• **DIRECTIONS**: Go through the entries below and count the lines where "roll" occurs. Give nothing but that number.

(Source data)

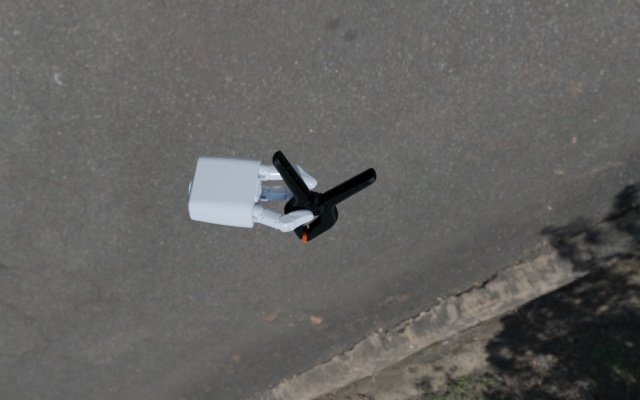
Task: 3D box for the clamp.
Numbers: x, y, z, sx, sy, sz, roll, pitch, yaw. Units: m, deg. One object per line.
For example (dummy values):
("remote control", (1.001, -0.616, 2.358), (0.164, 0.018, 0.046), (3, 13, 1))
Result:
("clamp", (0.000, 0.004, 0.808), (0.164, 0.036, 0.210), (7, -40, -1))
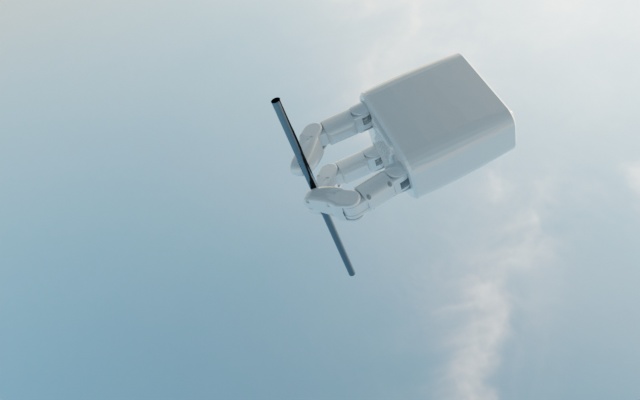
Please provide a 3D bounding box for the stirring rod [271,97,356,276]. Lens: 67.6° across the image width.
[{"bbox_3d":[0.000,0.001,0.461,0.011,0.011,0.240,0,-42,24],"label":"stirring rod"}]
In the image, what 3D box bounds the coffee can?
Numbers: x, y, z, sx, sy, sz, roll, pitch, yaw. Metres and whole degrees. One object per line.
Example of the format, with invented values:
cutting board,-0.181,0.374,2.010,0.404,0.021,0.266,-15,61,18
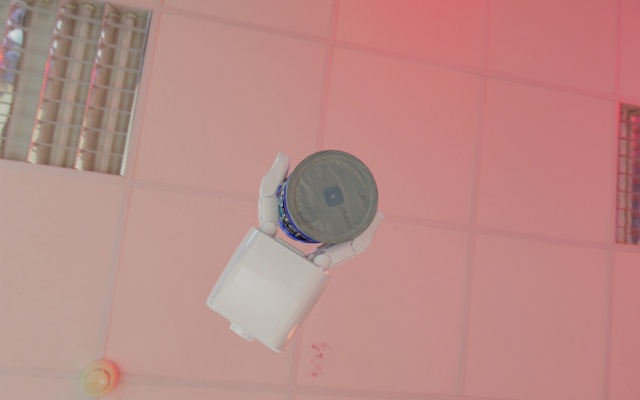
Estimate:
coffee can,0.000,0.002,0.583,0.103,0.103,0.140,0,-5,-12
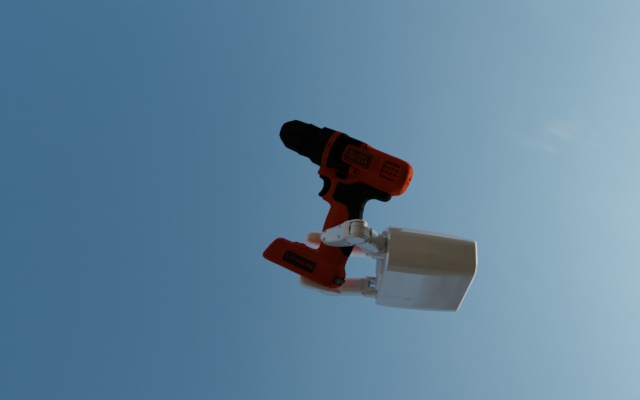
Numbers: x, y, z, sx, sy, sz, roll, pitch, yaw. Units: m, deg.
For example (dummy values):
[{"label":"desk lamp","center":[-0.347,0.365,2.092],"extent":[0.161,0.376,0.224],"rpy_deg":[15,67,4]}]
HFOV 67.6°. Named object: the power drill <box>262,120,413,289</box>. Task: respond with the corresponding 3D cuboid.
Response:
[{"label":"power drill","center":[0.000,0.003,0.605],"extent":[0.184,0.187,0.057],"rpy_deg":[24,-3,18]}]
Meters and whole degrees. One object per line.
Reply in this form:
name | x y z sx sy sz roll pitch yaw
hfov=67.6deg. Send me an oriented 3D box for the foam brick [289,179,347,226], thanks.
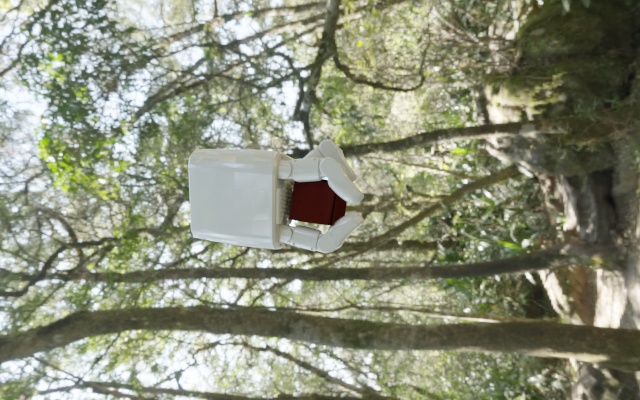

• **EXPECTED ANSWER**: 4